Wednesday, December 10, 2014

On abandoning dreams

"Hey, Dan. Have you considered yet that maybe this is not where I want you?"
It was that still, small voice that I had not heard in so long.
I had nearly forgotten the sound of his words, the cantor of his tone, as my eyes glazed over towards the candles burning in the pew aisle.



I had decided that grad school would be happening in May 2015.
"Lord, where do you want me to go?"
I saved my questions for the second line.
I had already decided the plot. I only needed God for the solution.
I needed a hero, a Savior, but I had missed the wanderings in the desert.
Yet I still somehow found myself lost in the middle of nowhere, buried in a pile of applications, mystery, and frustration.

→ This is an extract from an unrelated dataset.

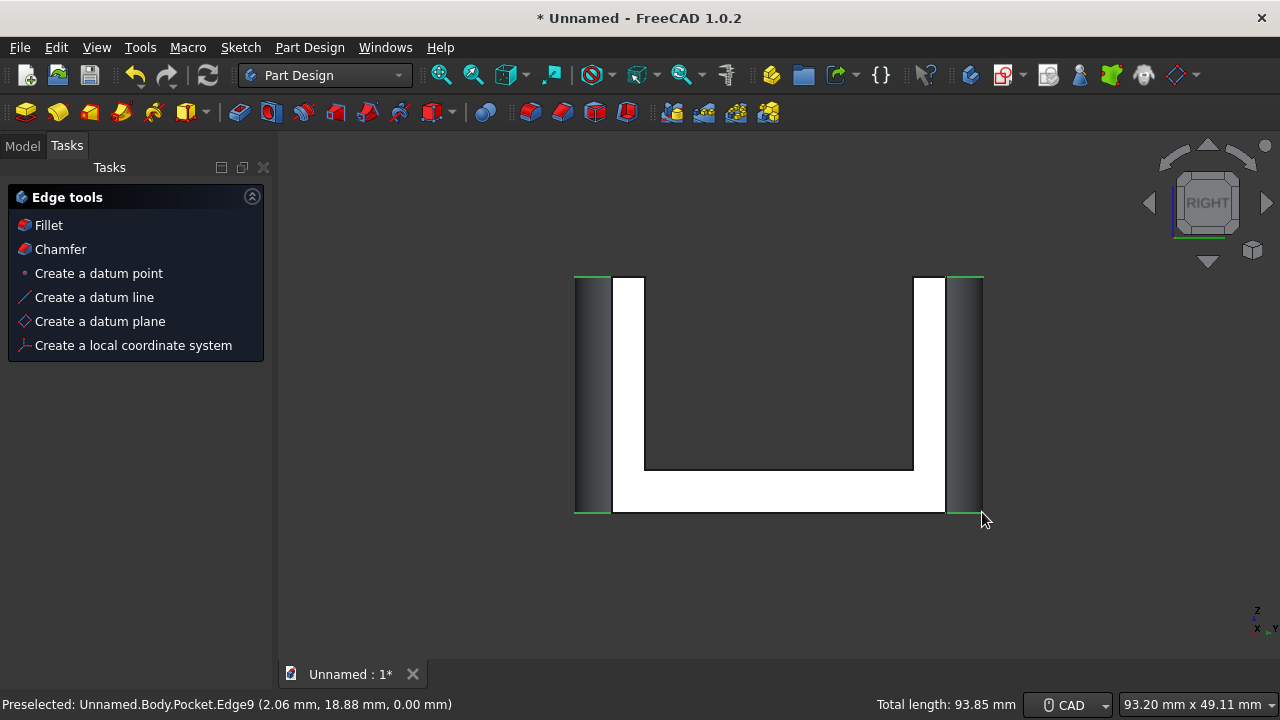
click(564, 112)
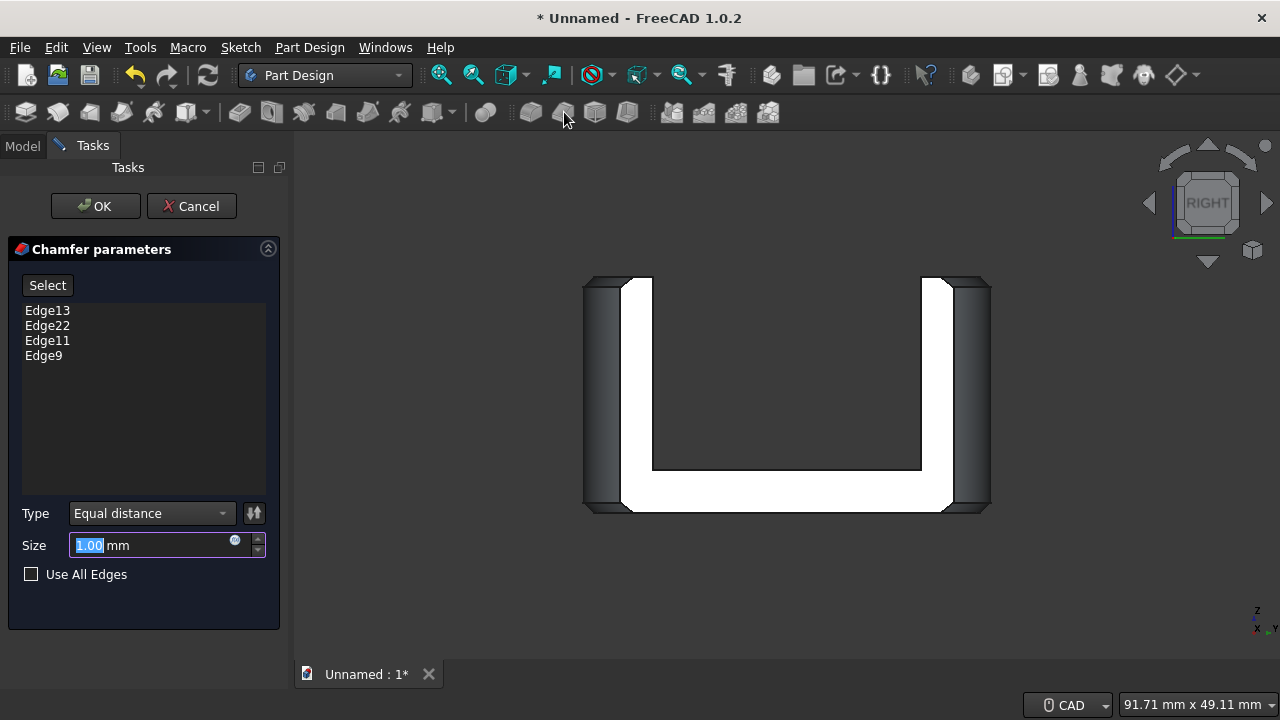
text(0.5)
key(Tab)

You see, I have been fighting for months to make grad school happen.
Punching, kicking, screaming, swindling, doing - controlling whatever I could.
Going to bed exhausted at night.
Waking with eyes glazed, not a spark left, but still stuck on the prize.

"Okay."
Freedom. Anxiety lifting. Peace rising.
The candles kept flickering, slow and steady.
The spark returned.


It wasn't fighting against opposition.
It was beating down a path I wasn't meant to be on.

This doesn't mean grad school will never happen.
It doesn't even mean it won't happen this summer.
But it's hard to abandon dreams.
It's hard to hear "Trust me."
It's even harder to say "I will follow you."